Anyway, as the title of this blog implies . . sometimes things go right, and sometimes they don't. Today I had a number of bad things happen, but managed to make some prints I am more than happy with. I count it a good session if I can make 6 to 8 prints, and if say 3 of those are useable as proper archive prints then all the better.



The Maw Of Hell

Could Have Done With A Tidy-Up

The DeVere just fits

Wet Area (and sensibly placed 'Dry' cabinet)

Emergency Supplies.
The trays are on the floor to catch drips from the current printing session's drying prints - normally they aren't there.


Prints Drying.



As you can see, my darkroom is extremely primitive. It is an old butler's cupboard under a stair - it does have quite a high ceiling at one side, and does have the advantage of a stone flagged floor, which is fine for spillages of chemicals and also keeps beer at near perfect pub temperature! 
My enlarger is a DeVere 504 Dichromat - you can see it mounted on an old kitchen cabinet which is on its side - I have to print on my knees - I call it supplication to the Gods Of Printing.
All my wet processing is done in trays on newspapers on those shelves to the right - they are 9 inches deep - just enough for a tray.
The old hifi cabinet underneath is my dry area - all paper is stored in there, and there is an old Restem paper safe on a shelf too.
Yes that is a wine rack! The green towel is my door jamb for when I am processing LF film - basically it is a towel rolled up, with cable ties holding it in a roll and goes up against a large gap under the cupboard door.
There's no running water, so prints get popped into my Paterson washer until the end.
The prints are hanging from an old indoors washing line that came with the house!
They say that necessity is the mother of invention - in my case it has been poverty - I scrimped this lot together over years and would love to have a 'proper' darkroom with all mod cons.
For all its primitiveness, I can print to exhibition standards, and I am not bumming myself up there. I care about my prints.
They are carefully made and of a high quality. The only thing I lack is a dry mounting press ( and seriously if you have one you don't want, let me know!)
Actually, I am sure that any of us making prints the old-fashioned way these days, and willing to invest the time and money into learning printing, are good enough at what we do to make them to exhibition standard.
The lens was a nice old (Pentax made) 50mm f2.8 Durst Neonon, which I kept at f5.6 for the entire session. Chemicals were Kodak Polymax developer, Kodak stop bath, and home-made plain fix, which I used as a double bath. I have run out of selenium or else I would have toned them. They were washed for a couple of hours in my creaky old Paterson Archival Washer.

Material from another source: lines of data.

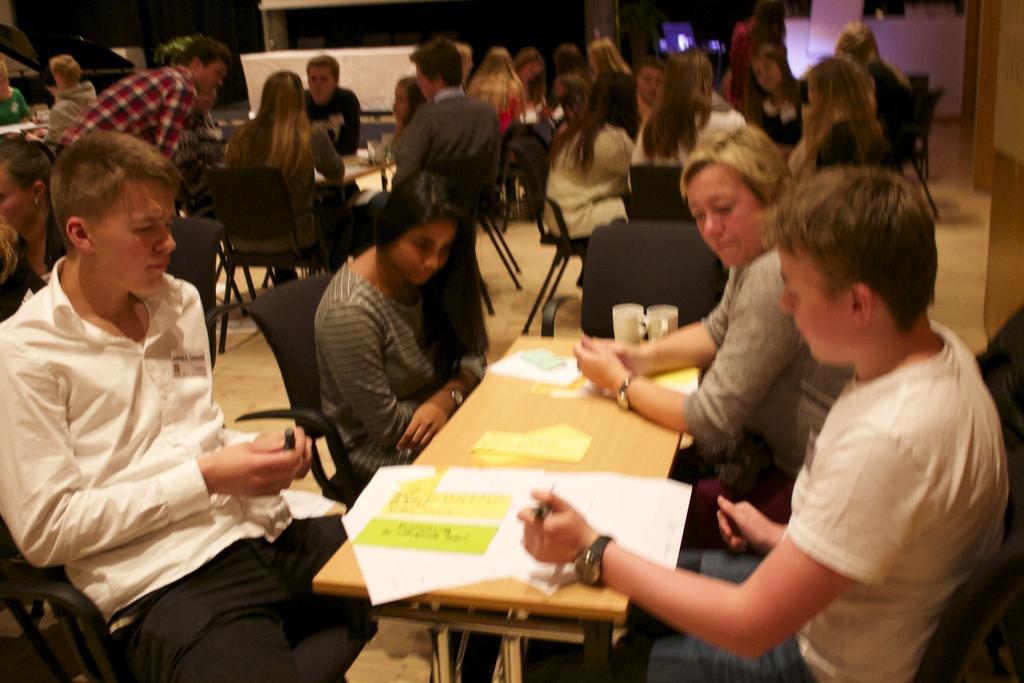Can you describe this image briefly? In this image i can see group of people sitting on chair there is a paper, two glasses on a table at the back ground i can see a wooden wall. 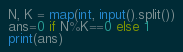Convert code to text. <code><loc_0><loc_0><loc_500><loc_500><_Python_>N, K = map(int, input().split())
ans=0 if N%K==0 else 1
print(ans)</code> 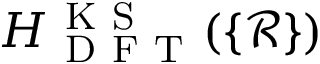<formula> <loc_0><loc_0><loc_500><loc_500>H _ { D F T } ^ { K S } ( \{ \mathcal { R } \} )</formula>

Seeing as the plain fix is essentially an alkali fix, washing is a lot shorter than for acid fixers, and also I don't need to use hypo-clear.
Oh and I don't split grade print - I never found it of use to my practice, but again that's just me.
I was going to use my old favourite of Ilford Galerie, however because half the negatives were developed in HC 110 Dilution G and are (because of the fact that the Elmar is ancient and uncoated) very low in contrast, I chose to use some Adox Vario Classic fibre-based which I had kicking around. It is a very nice paper - the only things I don't like about it are its gloss, which isn't as rich as it could be, and the fact it will cockle around the edges when air-dried.
To be honest I am not a fan of resin-coated paper - I don't know, there's just something about the image quality, which, to be honest doesn't quite have the sharpness of a good fibre print. Anyway, that's just me. Fibre takes longer to print and is more fussy of correct fixing, but I feel the effort to be worth it.
Anyway, time to strap your helmet on and join me in the cavalcade of laughter, triumph and tears!
First up is an image I rather like - it is hard to tell what is going on, but you know the place is 'Open'.
Being none too familiar with the Adox paper I felt it best to sacrifice a sheet to the God Of Test Strips. I don't always make them, but sometimes, and especially when you are using a new camera/film/developer combo, they are handy as they help to get your eye use to the paper's properties and how your negative will look printed . . often never how you imagine it to be! I can usually get about 12 smaller strips out of one sheet of 8x10" paper - I know the general idea is to make a large strip, but to be honest, I would rather preserve the paper, so small strips it is.
The long lamented greatest paper ever was Forte, and they actually provided you with some test strips pre-cut, which I thought was very nice. But alas nobody thinks like that anymore, so you have to waste a sheet . .
Bear in mind that a box of 100 sheets of fibre-based  8x10" paper is approximately £70+ these days and you have 70p down the swanny just like that . . .
I set up my easel, got the image placement right, focused, stopped down and made a test. This was developed, and I came to my decision of exposure time. I then checked the focus again, and made the exposure. (By the way, if you made the test strip in say four second segments, you need to expose your print in four second segments, not for the whole exposure all at once. This is because the intermittency effect will come in and effectively give you a greater exposure and hence a darker print.)
Oh and I am assuming from this that you might have made some prints, and therefore don't need the very basics going over . . .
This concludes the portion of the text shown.